__Exercise details__: Your reply should consist of one number: how many lines below contain "block".

__Records for processing__:

____________________

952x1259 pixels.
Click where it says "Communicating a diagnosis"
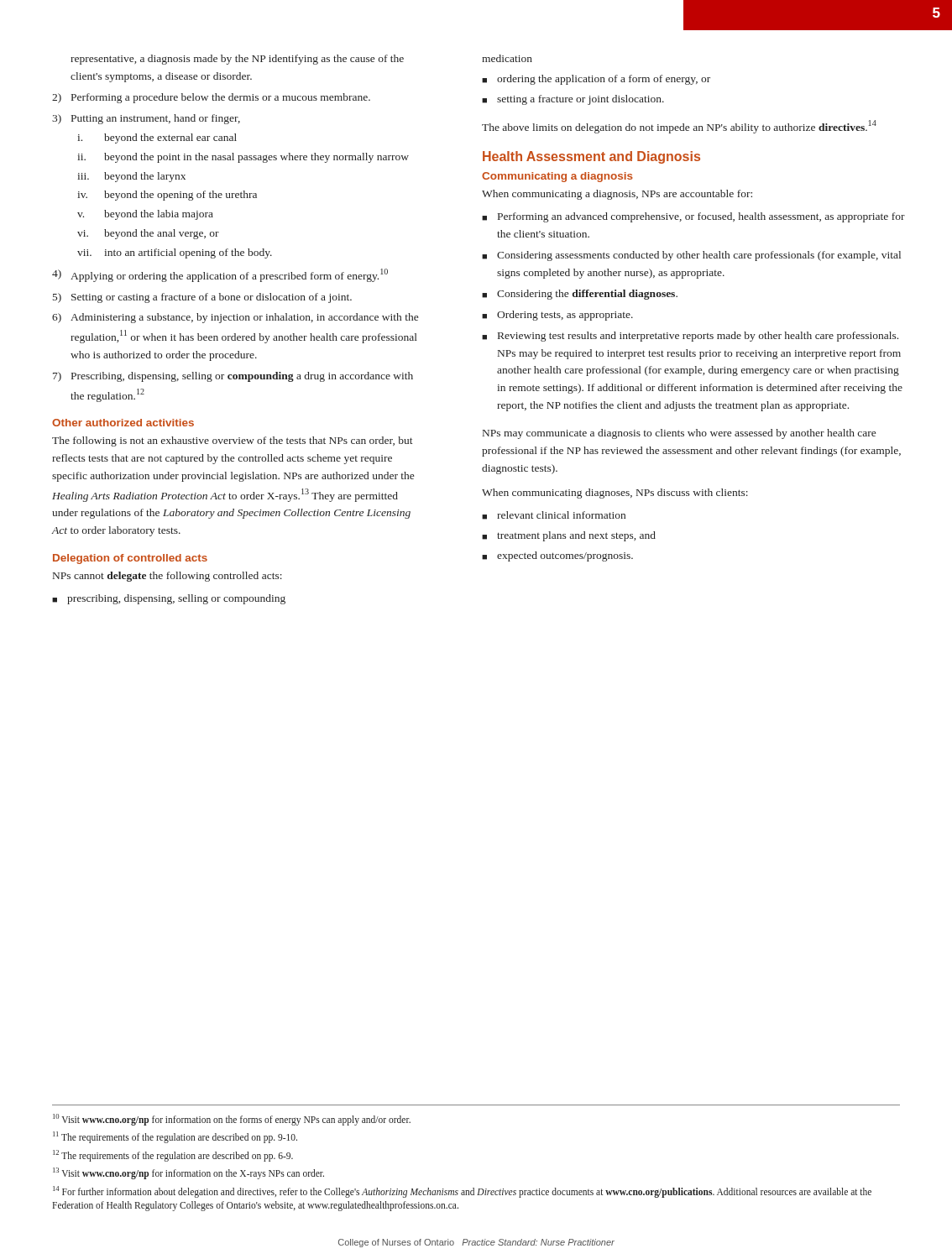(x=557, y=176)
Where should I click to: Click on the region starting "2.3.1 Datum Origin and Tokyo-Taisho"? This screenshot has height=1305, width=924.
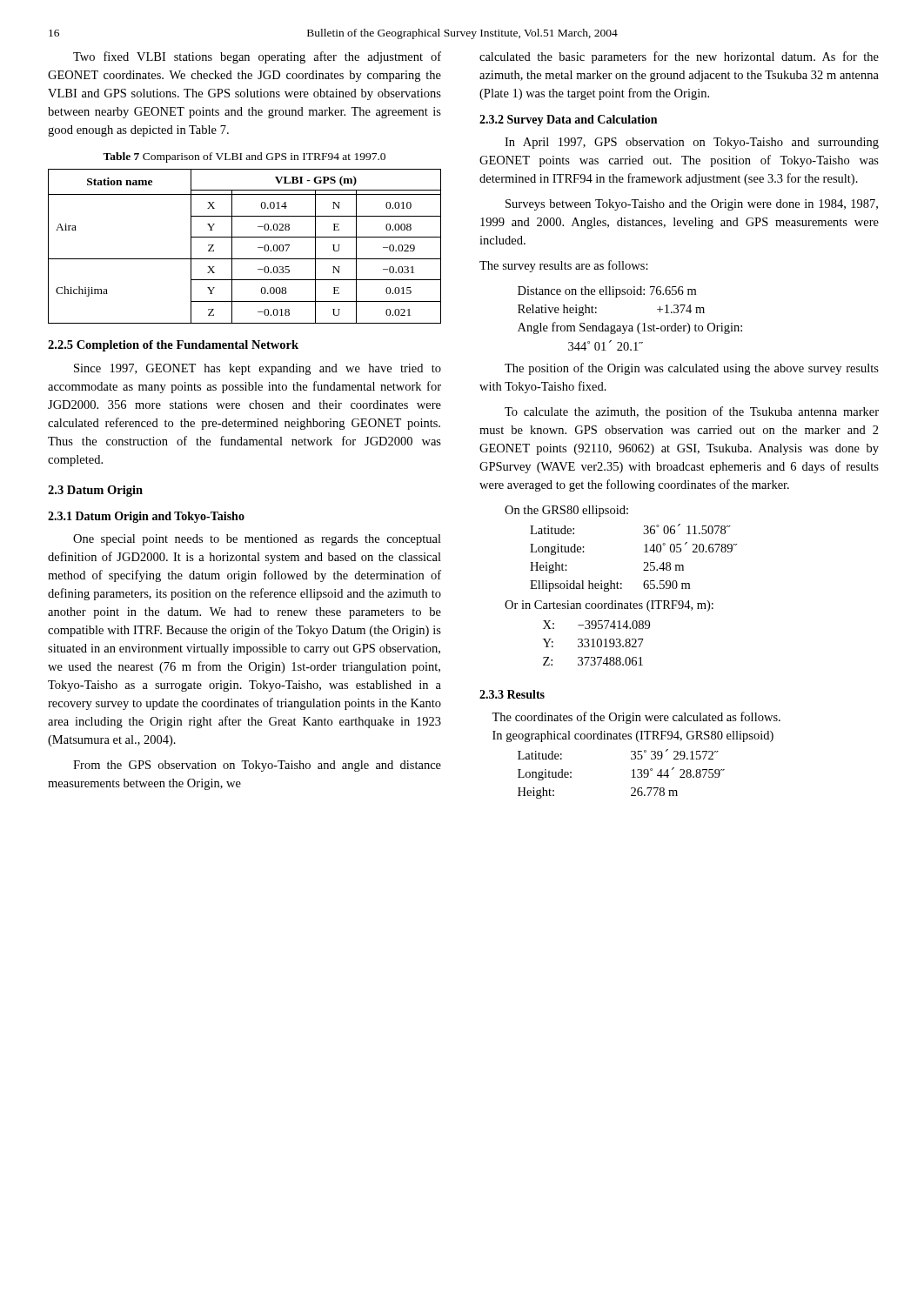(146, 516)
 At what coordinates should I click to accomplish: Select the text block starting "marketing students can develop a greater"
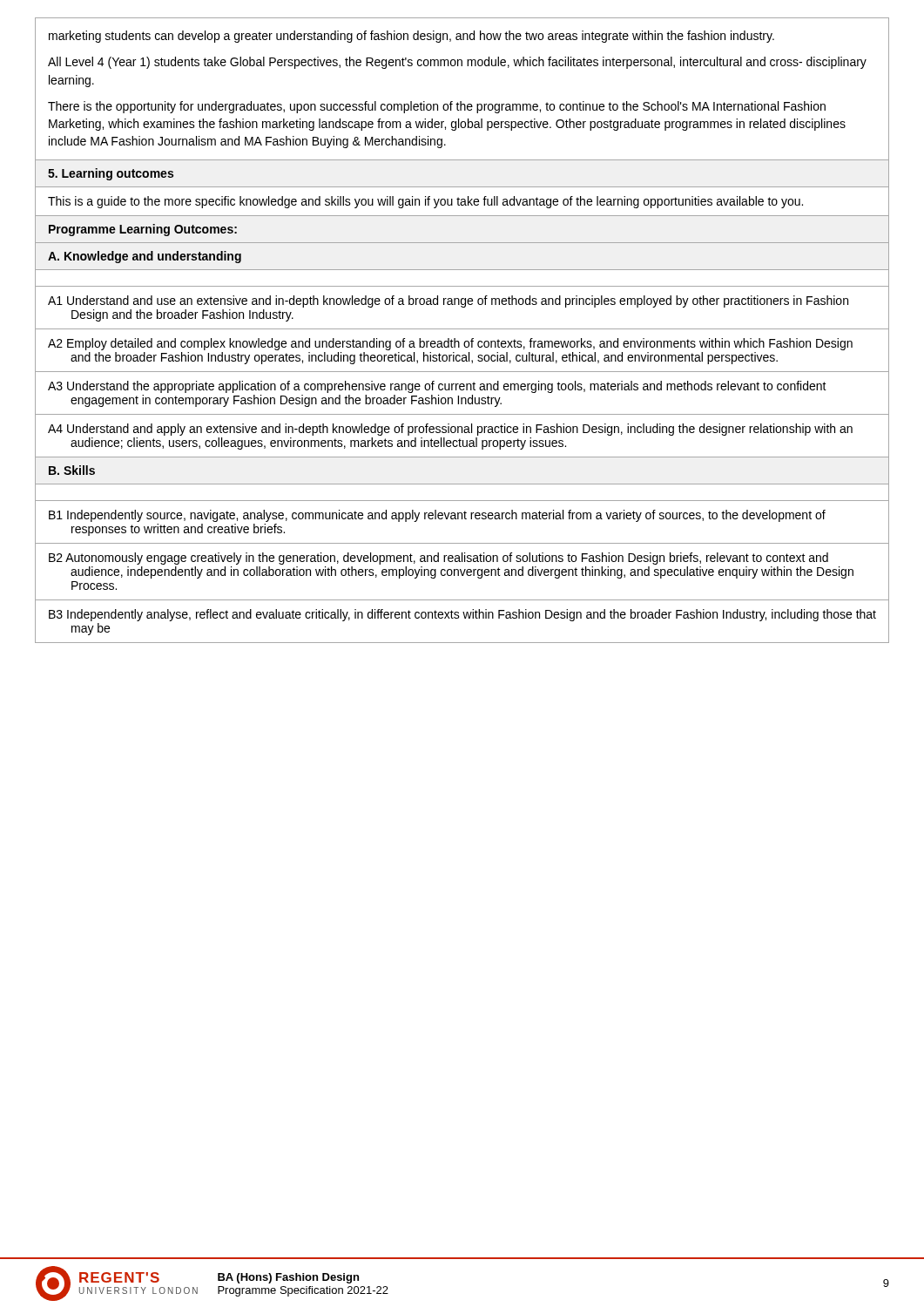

____________________

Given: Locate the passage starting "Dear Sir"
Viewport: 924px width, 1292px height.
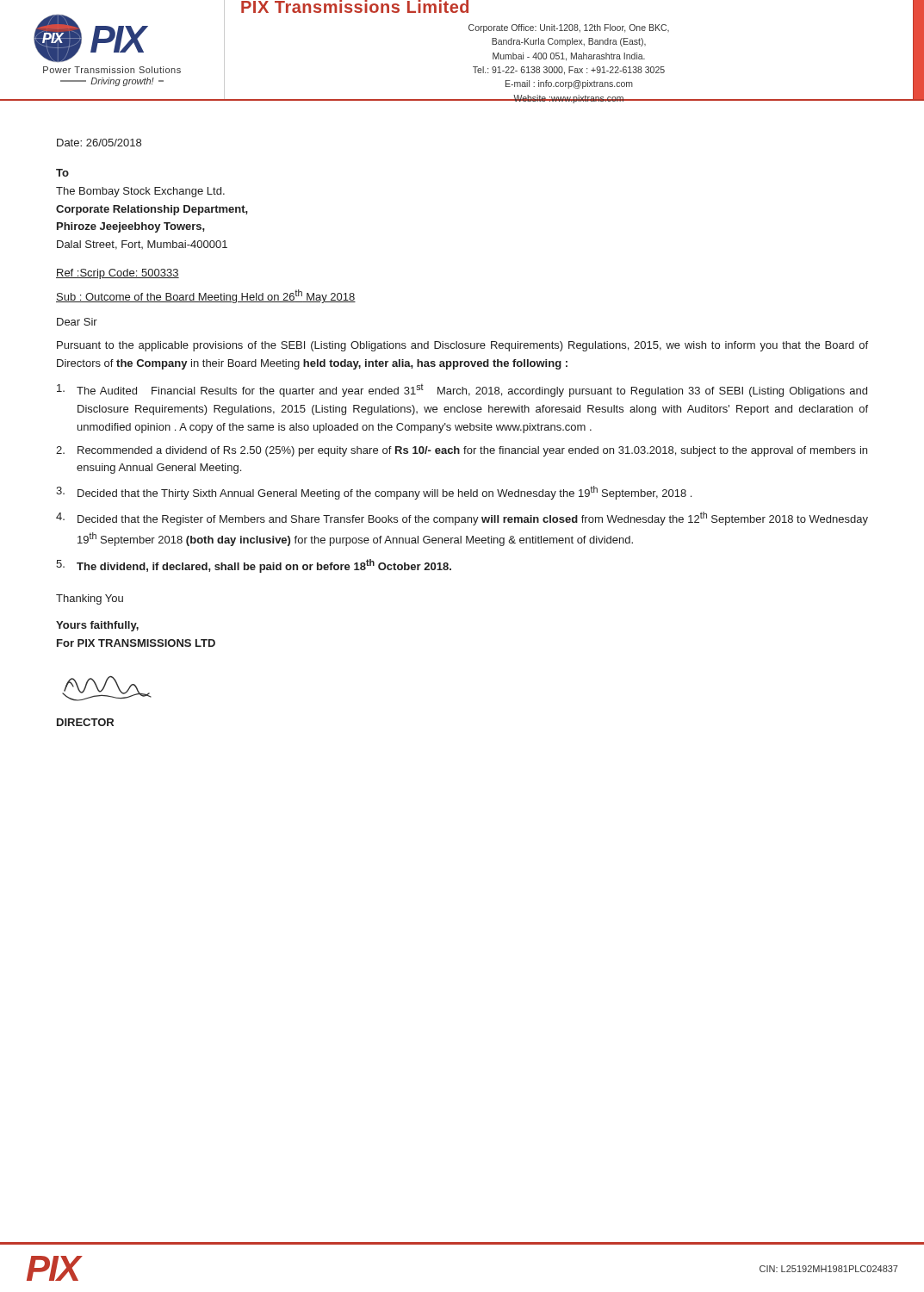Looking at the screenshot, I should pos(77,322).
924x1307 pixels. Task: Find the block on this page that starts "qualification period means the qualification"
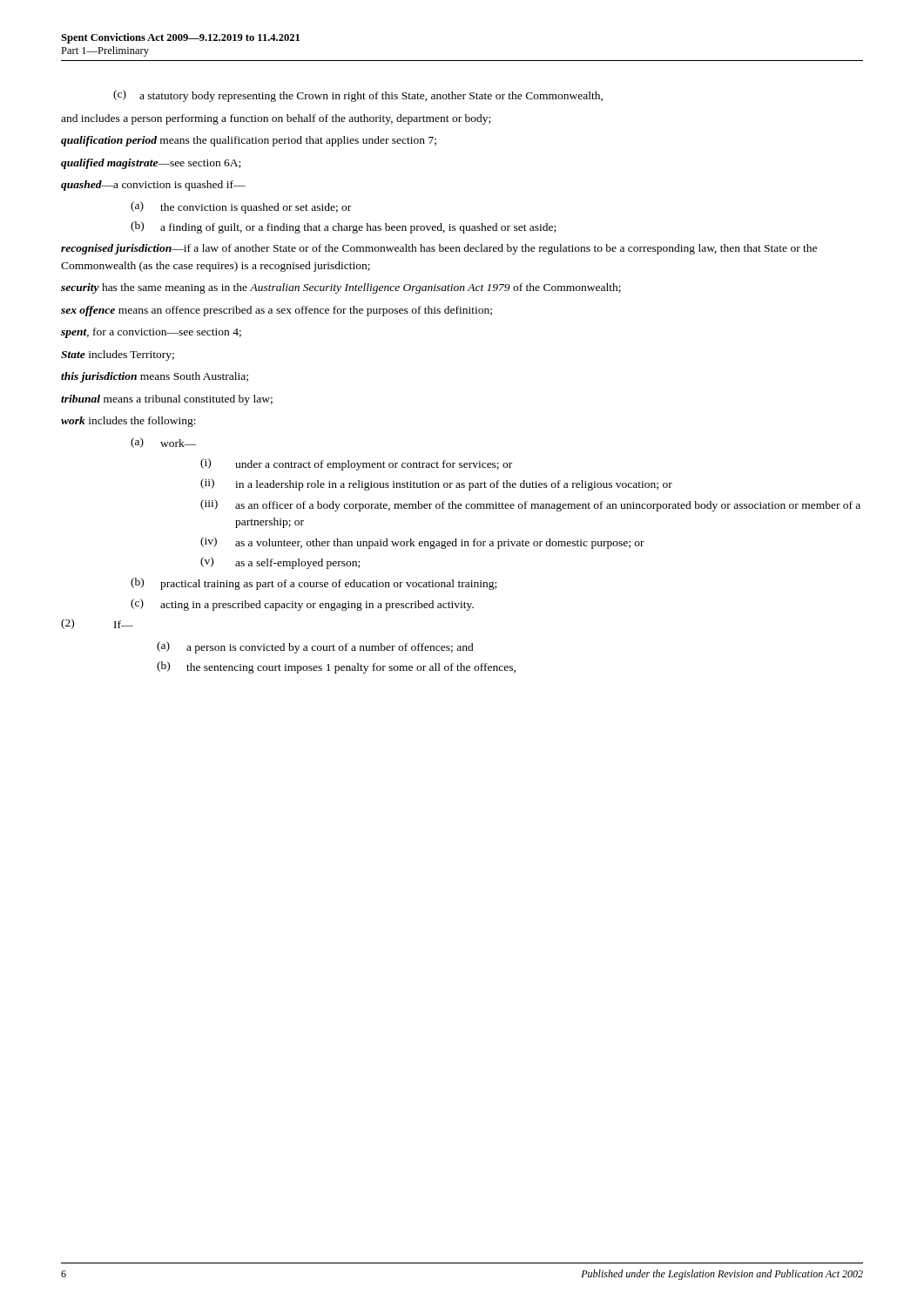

____________________

__Solution below__: 2